Collective bargaining agreements concluded in 2015 provided nominal pay increases of 2.7 percent in 2015. Collective bargaining resulted in an overall real wage gain of 2.4 percent in 2015 compared to an inflation rate of 0.3 percent. Labor unions have achieved wage increases that were above the inflation rate since 2009.
Labor costs increased by 2.6 percent in 2015. With an average labor cost of €31.80 per hour, Germany remained eighth among the 28 EU-members states (EU average: €28.90). Since the introduction of the European common currency, the increases of the unit labor cost in Germany remained significantly below EU average.
In January 2015, Germany’s first statutory country-wide minimum wage of €8.50 ($10.62) per hour entered into force. The new law exempts young people under the age of 18 and the long-term unemployed within their first six months at a new job. Sectors with existing collective agreements that set minimum wages below the new statutory minimum wage have until January 2017 to transition.
As of January 2016, sector-wide binding minimum wages set by collective bargaining agreements were in place in 19 sectors, e.g. in construction (including electrical trades, painting, scaffolding, and roofers), waste management, hair-dressing, the meat industry, and temporary employment agencies. These sectoral minimum wages ranged from €7.90 per hour in agriculture and forestry (in eastern Germany) to €14.45 per hour for skilled construction work. In January 2016, there were only four sectors with lower sectoral minimum wages than the statutory minimum.
By law, workers can elect a works council in any private company employing at least five people.
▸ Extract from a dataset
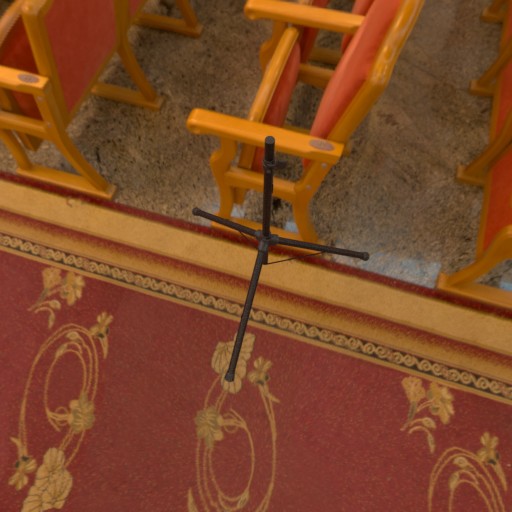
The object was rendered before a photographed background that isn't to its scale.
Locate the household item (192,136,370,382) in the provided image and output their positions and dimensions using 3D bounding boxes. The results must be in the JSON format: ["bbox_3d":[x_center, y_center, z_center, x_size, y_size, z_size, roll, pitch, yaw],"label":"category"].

The rights of the works council include the right to be informed, to be consulted, and to participate in company decisions. Works councils often help labor and management to settle problems before they become disputes and disrupt work. In addition, “co-determination” laws give the workforce in medium-sized or large companies (corporations, limited liability companies, partnerships limited by shares, co-operatives, and mutual insurance companies) significant voting representation on the firms’ supervisory boards. This co-determination in the supervisory board extends to all company activities.